Мисс Уоткинс вздохнула и вернула мне бумаги.
– Ты на несколько световых лет старше этого класса, Холден, и, вероятно, любого другого класса в этой школе. Но я беспокоюсь о тебе. Совершенно очевидно, что ты пережил что-то ужасное.
– Боже, и что вас только могло навести на эту мысль? – пробормотал я, запихивая эссе в сумку. Меня захлестнуло чувство вины при виде ее расстроенного выражения лица. – Вам не нужно обо мне беспокоиться, миссис Уоткинс. На самом деле я бы предпочел, чтобы вы этого не делали.
– Тебе неприятно, когда о тебе беспокоятся?
– К вашему сертификату учителя прилагалась лицензия психолога?
– Прости, ты прав, – сдалась она. – Я не психотерапевт. Но, как учитель, обязана заботиться о своих учениках, которые попали в беду. Твои описания злоупотребления алкоголем слишком реалистичны, чтобы быть вымышленными.
– Может, у меня просто очень живое воображение.
– Или, может быть, я вижу правду в твоих словах, потому что сама знаю, каково это.
Я закинул сумку на плечо и замер.
Мисс Уоткинс махнула рукой.
– Ты не обязан ничего отвечать. Это было очень давно, и все же воспоминания очень живы, как вчера, так и сегодня, и завтра и послезавтра. Такова нескончаемая природа борьбы. – Она мягко улыбнулась. – Но мне помогли. И я хотела бы, чтобы с тобой было так же.
Я напрягся.
– Всю мою жизнь люди пытаются меня исправить. Хотя этого не требуется.
– Я понимаю, что ты можешь чувствовать, но, пожалуйста, не сдавайся. Старайся, борись, пока наконец не поймешь, что заслуживаешь счастья. Потому что это так.
– Я буду счастлив. Как только окончу школу, обналичу свой чек на наследство и перееду в Париж. Или Лиссабон. Или Мадрид…
Тревожная морщинка между бровями мисс Уоткинс стала глубже.
– Еще больше изолироваться от всех не кажется здравым решением. Особенно с наличием большой суммы денег и зависимостью.
– А какие у меня альтернативы, миссис Уоткинс? – Мой тон был жестким, но сердце умоляло услышать ответ, в который оно могло бы поверить.
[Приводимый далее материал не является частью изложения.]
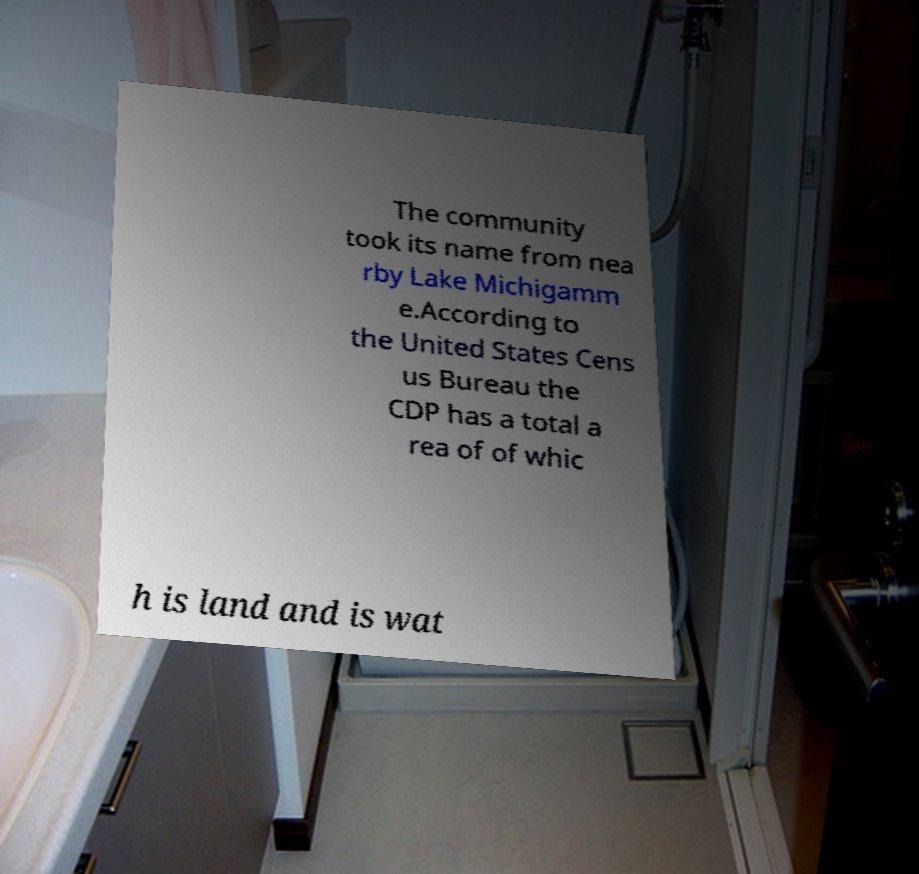Please identify and transcribe the text found in this image. The community took its name from nea rby Lake Michigamm e.According to the United States Cens us Bureau the CDP has a total a rea of of whic h is land and is wat 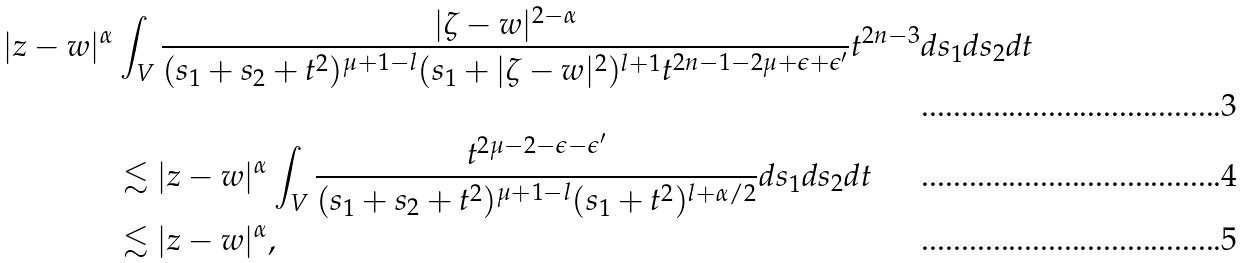Convert formula to latex. <formula><loc_0><loc_0><loc_500><loc_500>| z - w | ^ { \alpha } & \int _ { V } \frac { | \zeta - w | ^ { 2 - \alpha } } { ( s _ { 1 } + s _ { 2 } + t ^ { 2 } ) ^ { \mu + 1 - l } ( s _ { 1 } + | \zeta - w | ^ { 2 } ) ^ { l + 1 } t ^ { 2 n - 1 - 2 \mu + \epsilon + \epsilon ^ { \prime } } } t ^ { 2 n - 3 } d s _ { 1 } d s _ { 2 } d t \\ & \lesssim | z - w | ^ { \alpha } \int _ { V } \frac { t ^ { 2 \mu - 2 - \epsilon - \epsilon ^ { \prime } } } { ( s _ { 1 } + s _ { 2 } + t ^ { 2 } ) ^ { \mu + 1 - l } ( s _ { 1 } + t ^ { 2 } ) ^ { l + \alpha / 2 } } d s _ { 1 } d s _ { 2 } d t \\ & \lesssim | z - w | ^ { \alpha } ,</formula> 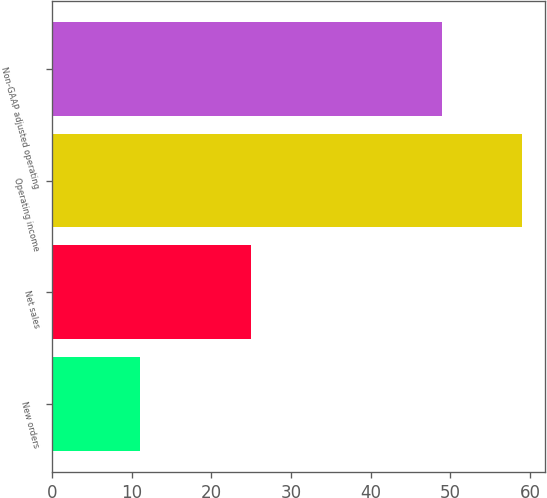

– Остаться здесь, поближе к дому, и задуматься о том, что я сказала о программе в университете. Помимо того, что твой талант будет развиваться, там существуют службы психологической помощи студентам…
– Ответ неправильный. Это не дом. Здесь для меня ничего нет.
И никого. После того, как Ривер уедет…
Мисс Уоткинс вздохнула.
– Ну хорошо. Но если ты передумаешь или захочешь поговорить, то я всегда готова тебя выслушать, Холден. Пожалуйста, помни об этом. Ладно?
Я проглотил комок внезапных нежелательных эмоций.
– Хорошо, – ответил я и мысленно все же оставил дверь приоткрытой, лишь на щелочку.
В ту ночь гостевой дом своей пустотой вызывал приступы клаустрофобии. Я пытался писать, но от царапающего звука ручки по бумаге приходилось стиснуть зубы. Малейший звук казался громким, усиливая чувство одиночества и превращая его в живое, дышащее существо.
Я бросил ручку, ручку Ривера, и направился к морозильнику, где меня ждала новая бутылка Ducasse. Холодный, морозный воздух коснулся кожи, пробуждая воспоминания об Аляске. Меня ждала очередная ночь пьяного бреда, за которой последует еще одно похмельное утро. И снова по кругу.